Given records →
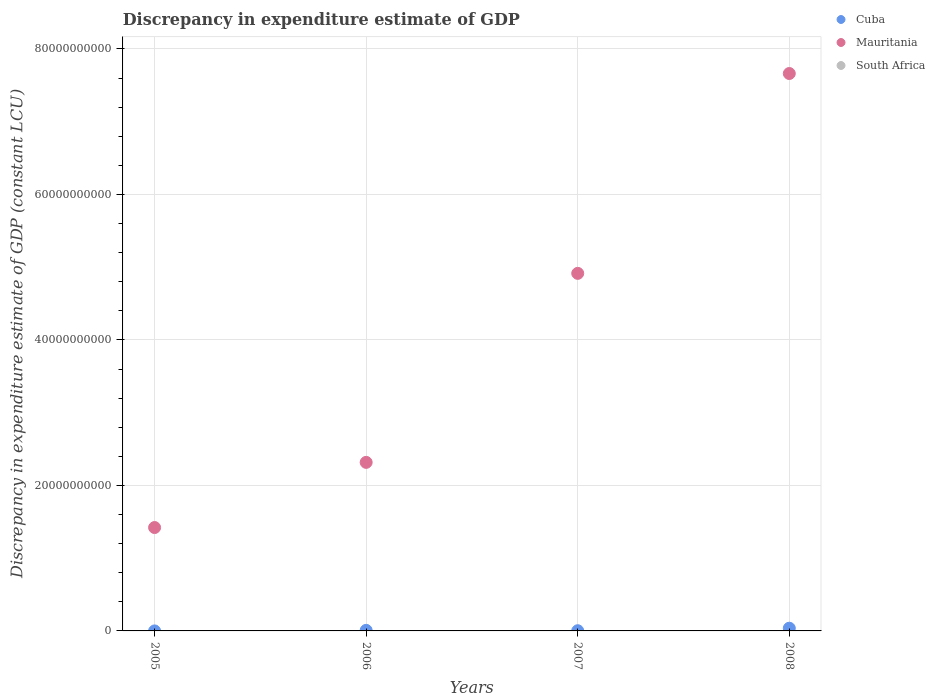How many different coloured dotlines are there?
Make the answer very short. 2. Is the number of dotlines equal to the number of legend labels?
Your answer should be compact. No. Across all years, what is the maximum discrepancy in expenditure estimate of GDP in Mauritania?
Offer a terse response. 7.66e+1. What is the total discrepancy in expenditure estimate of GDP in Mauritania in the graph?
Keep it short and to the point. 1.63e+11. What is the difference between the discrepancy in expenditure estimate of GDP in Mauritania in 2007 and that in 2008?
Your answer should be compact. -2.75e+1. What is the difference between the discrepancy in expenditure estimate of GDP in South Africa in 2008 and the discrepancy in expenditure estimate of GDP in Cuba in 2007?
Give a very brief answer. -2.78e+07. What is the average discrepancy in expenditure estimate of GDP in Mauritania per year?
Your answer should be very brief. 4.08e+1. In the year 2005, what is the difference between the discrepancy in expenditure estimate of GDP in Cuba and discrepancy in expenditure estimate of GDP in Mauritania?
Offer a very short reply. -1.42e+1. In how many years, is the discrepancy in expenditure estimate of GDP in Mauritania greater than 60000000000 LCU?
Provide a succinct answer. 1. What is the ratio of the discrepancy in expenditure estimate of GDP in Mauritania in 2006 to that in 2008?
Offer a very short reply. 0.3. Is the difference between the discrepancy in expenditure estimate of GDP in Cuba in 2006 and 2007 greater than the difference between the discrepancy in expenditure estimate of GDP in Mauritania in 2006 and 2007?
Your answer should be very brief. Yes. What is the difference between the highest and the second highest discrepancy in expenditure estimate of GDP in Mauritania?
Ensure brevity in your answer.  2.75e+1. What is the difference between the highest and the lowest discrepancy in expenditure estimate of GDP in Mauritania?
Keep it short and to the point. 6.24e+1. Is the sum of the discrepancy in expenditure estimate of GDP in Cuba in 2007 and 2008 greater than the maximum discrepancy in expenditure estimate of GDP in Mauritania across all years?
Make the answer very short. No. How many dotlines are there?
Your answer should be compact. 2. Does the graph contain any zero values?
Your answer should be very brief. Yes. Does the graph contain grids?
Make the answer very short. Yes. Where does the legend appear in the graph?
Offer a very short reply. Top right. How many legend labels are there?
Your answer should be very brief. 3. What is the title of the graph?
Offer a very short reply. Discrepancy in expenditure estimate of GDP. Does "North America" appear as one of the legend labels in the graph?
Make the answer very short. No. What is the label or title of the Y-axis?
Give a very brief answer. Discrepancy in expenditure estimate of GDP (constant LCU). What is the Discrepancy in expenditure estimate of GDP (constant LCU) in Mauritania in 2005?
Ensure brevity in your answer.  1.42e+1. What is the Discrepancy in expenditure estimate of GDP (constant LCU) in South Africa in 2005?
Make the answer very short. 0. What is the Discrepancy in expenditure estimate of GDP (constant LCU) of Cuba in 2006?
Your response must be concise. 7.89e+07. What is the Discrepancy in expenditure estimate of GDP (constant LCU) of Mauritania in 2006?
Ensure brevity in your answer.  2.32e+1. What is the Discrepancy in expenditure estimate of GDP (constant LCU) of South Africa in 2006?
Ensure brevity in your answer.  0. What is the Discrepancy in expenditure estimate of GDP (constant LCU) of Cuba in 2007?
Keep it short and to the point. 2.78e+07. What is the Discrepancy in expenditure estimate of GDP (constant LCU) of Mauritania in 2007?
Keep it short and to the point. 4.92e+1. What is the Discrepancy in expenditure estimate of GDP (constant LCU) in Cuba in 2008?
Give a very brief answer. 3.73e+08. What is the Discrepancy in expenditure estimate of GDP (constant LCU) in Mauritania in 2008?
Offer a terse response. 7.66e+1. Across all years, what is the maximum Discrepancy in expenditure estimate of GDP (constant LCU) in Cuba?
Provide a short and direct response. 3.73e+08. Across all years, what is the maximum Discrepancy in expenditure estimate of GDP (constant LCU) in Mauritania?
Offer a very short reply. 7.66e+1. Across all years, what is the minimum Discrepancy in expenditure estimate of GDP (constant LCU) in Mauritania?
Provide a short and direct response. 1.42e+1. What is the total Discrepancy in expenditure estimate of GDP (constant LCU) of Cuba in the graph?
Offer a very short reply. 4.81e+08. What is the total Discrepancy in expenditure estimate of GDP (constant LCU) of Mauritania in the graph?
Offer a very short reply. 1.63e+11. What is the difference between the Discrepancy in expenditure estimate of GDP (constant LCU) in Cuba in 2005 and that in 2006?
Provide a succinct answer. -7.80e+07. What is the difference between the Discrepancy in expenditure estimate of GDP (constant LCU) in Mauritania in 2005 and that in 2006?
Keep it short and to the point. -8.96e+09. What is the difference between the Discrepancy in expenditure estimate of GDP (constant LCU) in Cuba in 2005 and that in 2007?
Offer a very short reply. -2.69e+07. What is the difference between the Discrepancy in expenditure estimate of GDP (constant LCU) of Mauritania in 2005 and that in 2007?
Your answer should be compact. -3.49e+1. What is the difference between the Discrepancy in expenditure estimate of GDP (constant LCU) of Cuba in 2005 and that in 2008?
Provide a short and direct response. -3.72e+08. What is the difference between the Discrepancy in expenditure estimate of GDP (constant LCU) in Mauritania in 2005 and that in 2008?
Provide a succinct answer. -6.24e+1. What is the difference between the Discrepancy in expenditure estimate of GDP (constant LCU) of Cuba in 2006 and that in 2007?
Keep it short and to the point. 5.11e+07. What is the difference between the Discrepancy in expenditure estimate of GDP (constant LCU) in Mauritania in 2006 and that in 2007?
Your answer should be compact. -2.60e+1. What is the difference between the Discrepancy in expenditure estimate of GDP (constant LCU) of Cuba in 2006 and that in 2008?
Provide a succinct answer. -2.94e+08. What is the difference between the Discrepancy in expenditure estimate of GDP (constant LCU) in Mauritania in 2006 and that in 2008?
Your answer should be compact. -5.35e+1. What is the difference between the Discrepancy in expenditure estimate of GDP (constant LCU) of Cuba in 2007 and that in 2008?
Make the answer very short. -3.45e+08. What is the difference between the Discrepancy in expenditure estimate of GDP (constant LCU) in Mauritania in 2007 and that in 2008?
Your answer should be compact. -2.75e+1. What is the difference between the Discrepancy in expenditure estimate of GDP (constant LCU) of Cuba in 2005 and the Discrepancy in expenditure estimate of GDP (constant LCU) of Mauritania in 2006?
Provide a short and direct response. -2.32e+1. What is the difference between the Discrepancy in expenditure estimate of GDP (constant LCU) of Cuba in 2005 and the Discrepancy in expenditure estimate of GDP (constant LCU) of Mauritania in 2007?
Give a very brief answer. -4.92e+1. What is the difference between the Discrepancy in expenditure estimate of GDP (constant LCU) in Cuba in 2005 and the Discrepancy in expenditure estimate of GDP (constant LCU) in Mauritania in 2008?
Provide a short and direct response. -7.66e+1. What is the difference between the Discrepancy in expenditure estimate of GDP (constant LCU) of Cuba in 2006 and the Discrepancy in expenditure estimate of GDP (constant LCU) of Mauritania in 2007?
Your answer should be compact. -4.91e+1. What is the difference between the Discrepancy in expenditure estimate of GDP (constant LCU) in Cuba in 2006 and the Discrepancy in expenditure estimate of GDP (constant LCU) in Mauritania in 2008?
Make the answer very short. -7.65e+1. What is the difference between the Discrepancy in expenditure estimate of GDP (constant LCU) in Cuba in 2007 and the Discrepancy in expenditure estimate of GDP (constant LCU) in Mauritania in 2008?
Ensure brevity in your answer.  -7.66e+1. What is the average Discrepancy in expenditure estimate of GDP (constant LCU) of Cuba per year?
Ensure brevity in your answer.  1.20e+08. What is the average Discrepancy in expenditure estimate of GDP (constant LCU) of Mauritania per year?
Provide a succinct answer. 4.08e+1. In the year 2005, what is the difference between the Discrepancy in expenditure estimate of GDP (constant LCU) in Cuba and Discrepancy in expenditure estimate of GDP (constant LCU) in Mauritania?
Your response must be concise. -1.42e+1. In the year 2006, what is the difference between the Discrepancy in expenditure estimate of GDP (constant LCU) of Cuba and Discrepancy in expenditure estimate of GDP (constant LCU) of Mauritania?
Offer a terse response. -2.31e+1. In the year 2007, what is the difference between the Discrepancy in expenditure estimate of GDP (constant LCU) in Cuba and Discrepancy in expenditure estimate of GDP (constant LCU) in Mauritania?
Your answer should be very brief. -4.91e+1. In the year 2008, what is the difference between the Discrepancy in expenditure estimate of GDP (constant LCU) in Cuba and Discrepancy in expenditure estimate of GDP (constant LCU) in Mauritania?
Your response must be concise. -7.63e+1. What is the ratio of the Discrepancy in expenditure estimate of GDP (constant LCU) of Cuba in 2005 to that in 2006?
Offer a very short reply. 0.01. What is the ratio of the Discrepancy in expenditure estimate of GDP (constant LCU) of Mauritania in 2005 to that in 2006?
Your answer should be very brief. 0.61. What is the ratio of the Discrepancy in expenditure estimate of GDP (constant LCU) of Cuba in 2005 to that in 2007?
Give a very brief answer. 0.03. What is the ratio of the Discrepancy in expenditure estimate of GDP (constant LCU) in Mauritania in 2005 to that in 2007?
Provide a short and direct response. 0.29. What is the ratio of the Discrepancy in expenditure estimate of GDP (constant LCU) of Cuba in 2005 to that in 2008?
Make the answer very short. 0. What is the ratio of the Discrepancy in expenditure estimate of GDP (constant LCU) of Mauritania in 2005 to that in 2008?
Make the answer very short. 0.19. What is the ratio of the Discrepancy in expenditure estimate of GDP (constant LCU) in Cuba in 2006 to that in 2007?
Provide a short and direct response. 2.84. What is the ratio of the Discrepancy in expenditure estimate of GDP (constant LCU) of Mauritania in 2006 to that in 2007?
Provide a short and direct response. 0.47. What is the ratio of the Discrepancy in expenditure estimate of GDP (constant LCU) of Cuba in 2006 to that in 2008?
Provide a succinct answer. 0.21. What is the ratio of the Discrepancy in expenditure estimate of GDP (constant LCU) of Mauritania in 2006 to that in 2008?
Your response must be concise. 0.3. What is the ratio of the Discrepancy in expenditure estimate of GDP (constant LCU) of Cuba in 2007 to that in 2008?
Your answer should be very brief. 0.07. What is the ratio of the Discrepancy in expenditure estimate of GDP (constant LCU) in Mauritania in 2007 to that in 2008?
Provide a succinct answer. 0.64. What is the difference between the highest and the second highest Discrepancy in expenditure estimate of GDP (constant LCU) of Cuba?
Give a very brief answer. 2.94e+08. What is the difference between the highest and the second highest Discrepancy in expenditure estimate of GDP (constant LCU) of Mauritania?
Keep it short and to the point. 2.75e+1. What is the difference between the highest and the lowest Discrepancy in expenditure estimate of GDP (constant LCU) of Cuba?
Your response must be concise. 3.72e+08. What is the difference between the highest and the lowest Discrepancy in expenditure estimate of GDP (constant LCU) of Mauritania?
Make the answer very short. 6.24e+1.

==

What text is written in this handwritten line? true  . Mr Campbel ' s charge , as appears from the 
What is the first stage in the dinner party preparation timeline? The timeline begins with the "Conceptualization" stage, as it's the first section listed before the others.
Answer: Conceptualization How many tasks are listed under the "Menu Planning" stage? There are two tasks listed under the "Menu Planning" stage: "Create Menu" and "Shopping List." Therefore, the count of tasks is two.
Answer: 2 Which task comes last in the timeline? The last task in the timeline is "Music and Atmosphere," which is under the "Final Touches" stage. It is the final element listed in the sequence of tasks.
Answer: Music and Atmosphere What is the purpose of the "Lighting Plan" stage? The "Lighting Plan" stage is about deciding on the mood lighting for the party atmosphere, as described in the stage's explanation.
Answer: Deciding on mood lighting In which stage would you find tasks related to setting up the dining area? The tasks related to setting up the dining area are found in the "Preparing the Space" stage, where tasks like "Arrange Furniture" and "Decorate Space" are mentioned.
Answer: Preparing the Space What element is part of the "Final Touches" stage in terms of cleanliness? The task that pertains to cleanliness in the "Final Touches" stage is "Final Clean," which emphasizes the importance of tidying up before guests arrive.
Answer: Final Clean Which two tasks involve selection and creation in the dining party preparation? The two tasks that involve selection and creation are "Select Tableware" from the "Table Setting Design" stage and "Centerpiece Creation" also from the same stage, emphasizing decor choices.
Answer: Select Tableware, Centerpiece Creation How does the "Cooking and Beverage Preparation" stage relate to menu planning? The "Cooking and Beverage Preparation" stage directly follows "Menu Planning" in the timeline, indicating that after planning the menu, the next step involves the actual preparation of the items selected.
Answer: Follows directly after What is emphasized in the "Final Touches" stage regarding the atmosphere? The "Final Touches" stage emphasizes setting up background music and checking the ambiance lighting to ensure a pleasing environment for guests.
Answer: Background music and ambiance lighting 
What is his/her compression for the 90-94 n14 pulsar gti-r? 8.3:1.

==

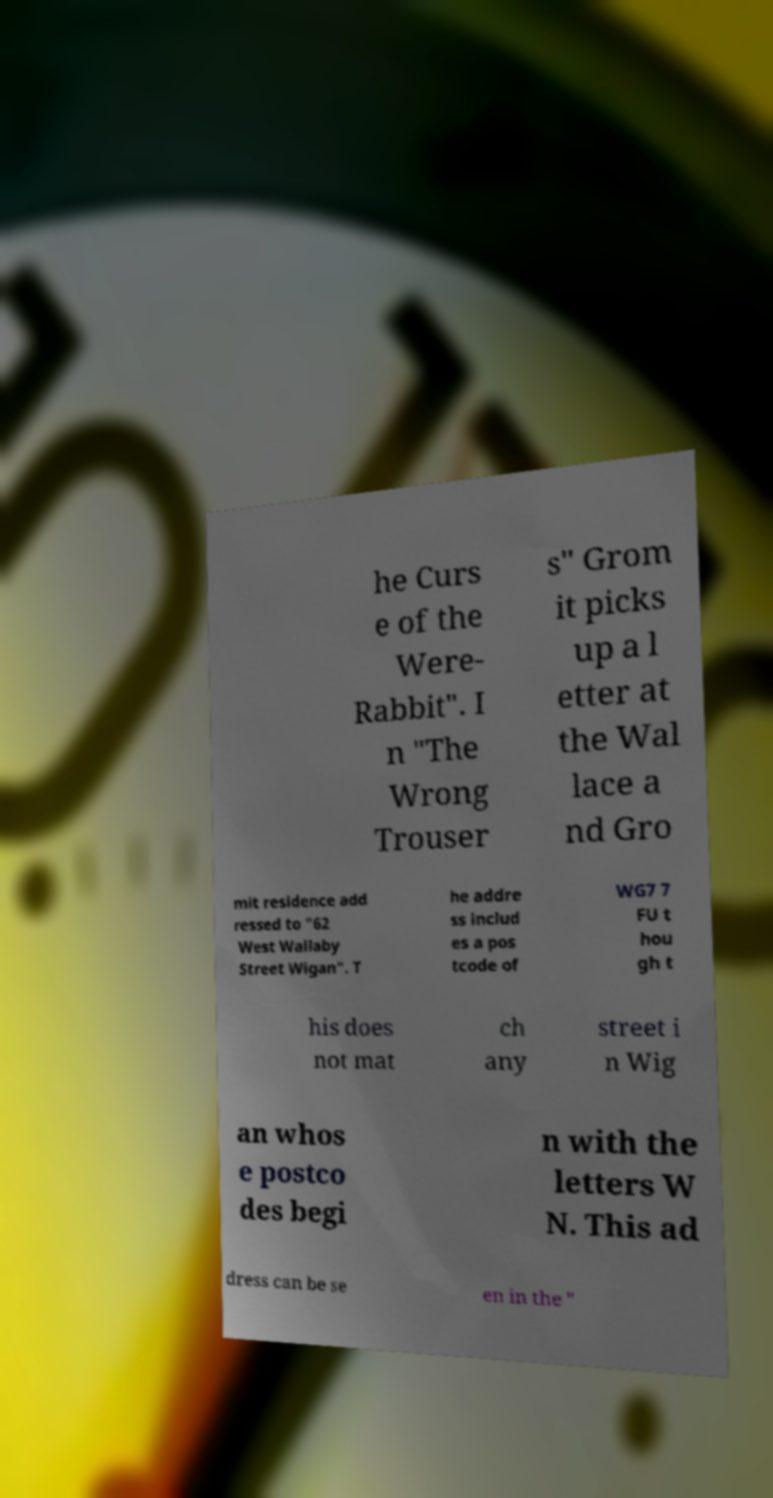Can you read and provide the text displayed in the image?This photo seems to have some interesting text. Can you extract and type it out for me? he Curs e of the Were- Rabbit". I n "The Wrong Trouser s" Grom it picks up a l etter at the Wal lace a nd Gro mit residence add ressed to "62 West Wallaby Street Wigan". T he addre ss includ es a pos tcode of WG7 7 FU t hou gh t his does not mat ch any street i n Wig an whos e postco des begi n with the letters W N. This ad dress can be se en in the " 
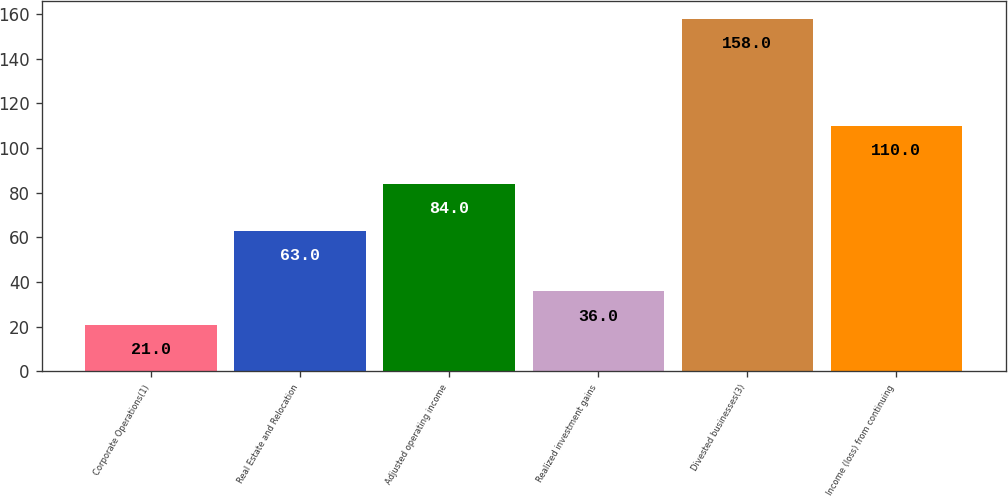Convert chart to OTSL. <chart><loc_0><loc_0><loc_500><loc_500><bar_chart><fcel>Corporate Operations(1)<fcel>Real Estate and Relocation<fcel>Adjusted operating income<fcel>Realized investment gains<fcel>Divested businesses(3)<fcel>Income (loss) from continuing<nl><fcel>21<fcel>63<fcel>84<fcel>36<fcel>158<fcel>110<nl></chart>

Task to carry out →
Give back the records above exactly, limited to the lines between the one holding "Offer a very short reply. 1.63e+11." and the one holding "Offer a very short reply. -2.69e+07.", inclusive.

Result of the exercise →
Offer a very short reply. 1.63e+11. What is the difference between the Discrepancy in expenditure estimate of GDP (constant LCU) in Cuba in 2005 and that in 2006?
Provide a succinct answer. -7.80e+07. What is the difference between the Discrepancy in expenditure estimate of GDP (constant LCU) in Mauritania in 2005 and that in 2006?
Keep it short and to the point. -8.96e+09. What is the difference between the Discrepancy in expenditure estimate of GDP (constant LCU) in Cuba in 2005 and that in 2007?
Offer a very short reply. -2.69e+07. What is the difference between the Discrepancy in expenditure estimate of GDP (constant LCU) of Mauritania in 2005 and that in 2007?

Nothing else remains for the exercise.